TeX as a lightweight markup language[edit]

The process_input_buffer can be put to an entirely different use, namely to preprocess input strings using some kind of lightweight markup and turn them into proper TeX.

Let's suppose one has two control sequences, \italic and \bold, taking a single argument; let's suppose furthermore that one wants to write a sentence like

This is in /italic/ and this is in *bold*.

to be processed by TeX as

This is in \italic{italic} and this is in \bold{bold}.

so as to produce: `This is in italic and this is in bold.' The following code does exactly that (the use of the percent sign and of \\ without \noexpand means that this code is either in a Lua file or in the second version of \luacode as defined in Writing Lua in TeX; also, this code illustrates the registering of an anonymous function instead of a function variable as in the previous examples):

local gsub = string.gsub

  function (str)
    str = gsub(str, "/(.-)/", "\\italic{%1}")
    str = gsub(str, "%*(.-)%*", "\\bold{%1}")
    return str

What happens is that the original string is replaced with successive call to string.gsub (see the Lua reference manual), in which the captures in the patterns are replaced with themselves as arguments to the TeX function (the non-capture parts of the patterns are discarded). For instance, /a word/ yields \italic{a word}. Note that with \bold, the asterisks in the pattern must be escaped with %, otherwise they would be interpreted as magic characters. The line can then be processed by TeX as usual.

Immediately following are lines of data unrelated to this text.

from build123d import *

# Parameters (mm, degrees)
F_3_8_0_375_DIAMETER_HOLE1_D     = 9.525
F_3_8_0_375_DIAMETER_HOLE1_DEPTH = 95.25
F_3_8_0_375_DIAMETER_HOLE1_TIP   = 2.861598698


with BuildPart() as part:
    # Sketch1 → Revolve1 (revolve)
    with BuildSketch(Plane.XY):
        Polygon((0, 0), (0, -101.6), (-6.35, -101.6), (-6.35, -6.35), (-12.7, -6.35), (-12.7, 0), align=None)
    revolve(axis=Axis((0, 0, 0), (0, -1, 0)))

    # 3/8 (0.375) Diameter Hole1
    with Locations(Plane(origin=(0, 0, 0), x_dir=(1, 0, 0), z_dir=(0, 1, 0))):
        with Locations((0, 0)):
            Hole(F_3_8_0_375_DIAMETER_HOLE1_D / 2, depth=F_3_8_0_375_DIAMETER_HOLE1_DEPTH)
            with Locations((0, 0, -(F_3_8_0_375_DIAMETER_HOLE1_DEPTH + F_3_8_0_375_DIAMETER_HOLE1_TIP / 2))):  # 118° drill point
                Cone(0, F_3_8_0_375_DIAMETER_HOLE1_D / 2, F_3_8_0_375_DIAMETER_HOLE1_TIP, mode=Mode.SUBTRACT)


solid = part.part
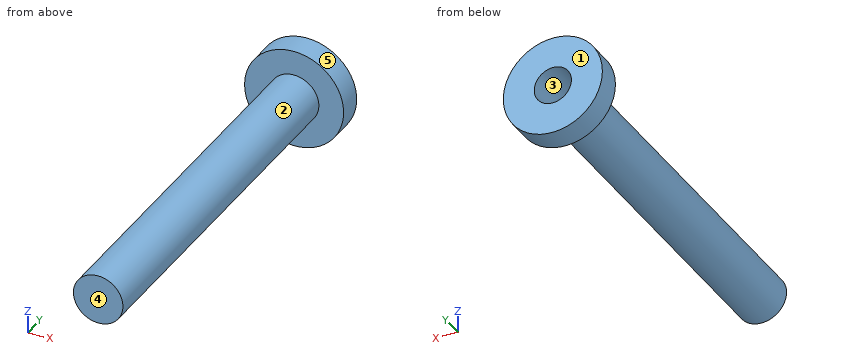
The listing builds one solid part. Answer for the finished solid, in the listing's coordinates (mm). Face numbers are marked on the shaded views. A direction names the side the tool comes from. Round coordinates to 2 decimals unless told otherwise and drop trailing zeros. Loops run counter-clockwise (first coordinate to the right, second up) from the corner with the lowest first, then second, coordinate; pieces in that order, holes last. Notation, with made-up numbers: M 57.25,40.25 L 61.25,40.25 A12 cw 61.25,52.25 Z; hole C 73.25,-16.5 d1. An arc over 180 degrees is marked long. Write each question's results on one line, items separated by ' | '. Start each with the question number.
1) Find section B-B on x = 7.5. Write down the section's boundary in (y, z).
2) Find section C-C on z = 8.75. Write down the section's boundary in (x, y), plus the area to 3 significant figures.
3) Straight lines are drawn through the part: probe 1 along Z at (x, y) = (0, -51); probe 2 along Y at (x, z) = (7.5, 9); probe 3 along X at (y, z) = (-38, -2.5). For each, find the intervals that lie inside material, in ascending order.
4) Determine the mould class of the marked faces 3, 4 and 5 for opening direction Z: pulls with the +Z half, pulls with the -Z half, needs draft (parallel to the pull), parting line crosses it, or undercut.
5) Which of the six approach directions +Z, -Z, +X, -X, +Y, -Y give full straight-line access (tool end or side, diameter ignored) to the marked faces 1 and 2?
6) Each of these flat-tipped pins is pushed along its axis until it touches: pin 1 (5 mm diameter, centred on x = -1, z = 9.5, fed in from -Y); pin 2 (4 mm diameter, centred on y = -54, z = 9.5, fed in from +X); pin 3 (8 mm diameter, centred on y = -38, z = 3, fed in from +X); pin 4 (1.5 mm diameter, centred on x = 4.5, y = -34, fed in from +Z). Where does it stop, or does it pass through?
Final values:
1) outline: M -6.35,-10.25 L 0,-10.25 L 0,10.25 L -6.35,10.25 Z
2) outline: M -9.2,-6.35 L 9.2,-6.35 L 9.2,0 L -9.2,0 Z | area: 117 mm²
3) probe 1: -6.35 to -4.76, 4.76 to 6.35 | probe 2: -6.35 to 0 | probe 3: -5.84 to -4.05, 4.05 to 5.84
4) face 3: undercut | face 4: needs draft | face 5: parting line crosses it
5) face 1: +Z, -Z, +X, -X, +Y | face 2: -Y
6) pin 1: y = -6.35 | pin 2: through | pin 3: x = 6.35 | pin 4: z = 5.12

Only pairs of slashes or asterisks in the same line will be interpreted as markup, because lines are processed one by one and nothing is remembered from one line to the next (that can be implemented, but is a bit more complicated and dangerous). Hence, nothing will be in italics in the following example:

This will /not
be/ in italic.

Instead, slashes will be read.

One can add an unlimited number of replacements of the input line. For instance, here's a way to mark sections by rows of #'s:

  str = gsub(str, "^%s*#%s*(.*)", "\\section{%1}")
  str = gsub(str, "^%s*##%s*(.*)", "\\subsection{%1}")
  str = gsub(str, "^%s*###%s*(.*)", "\\subsubsection{%1}")

What is recognized as a section header is any line beginning with one, two or three hashes, ignoring space before and after. So one can write:

# A section
  ## A subsection
    ### A subsubsection

More complicated things are possible. However, using the open read file callback (only with an \input file) is preferable if subtlety is required, because it can read an entire file (or any set of lines) before changing anything. Also, the powerful LPeg library (embedded in LuaTeX) can be used instead of the default operations.

Finally, one must note that such manipulations can be dangerous or lead to unwanted results. For instance, a line such as

... the file should be contained in user/directory/myfiles...

will be processed without slashes and with directory in italics. Thus, such markup should either be used with files specially tailored for it, or contain ways to be overriden or to protect some text.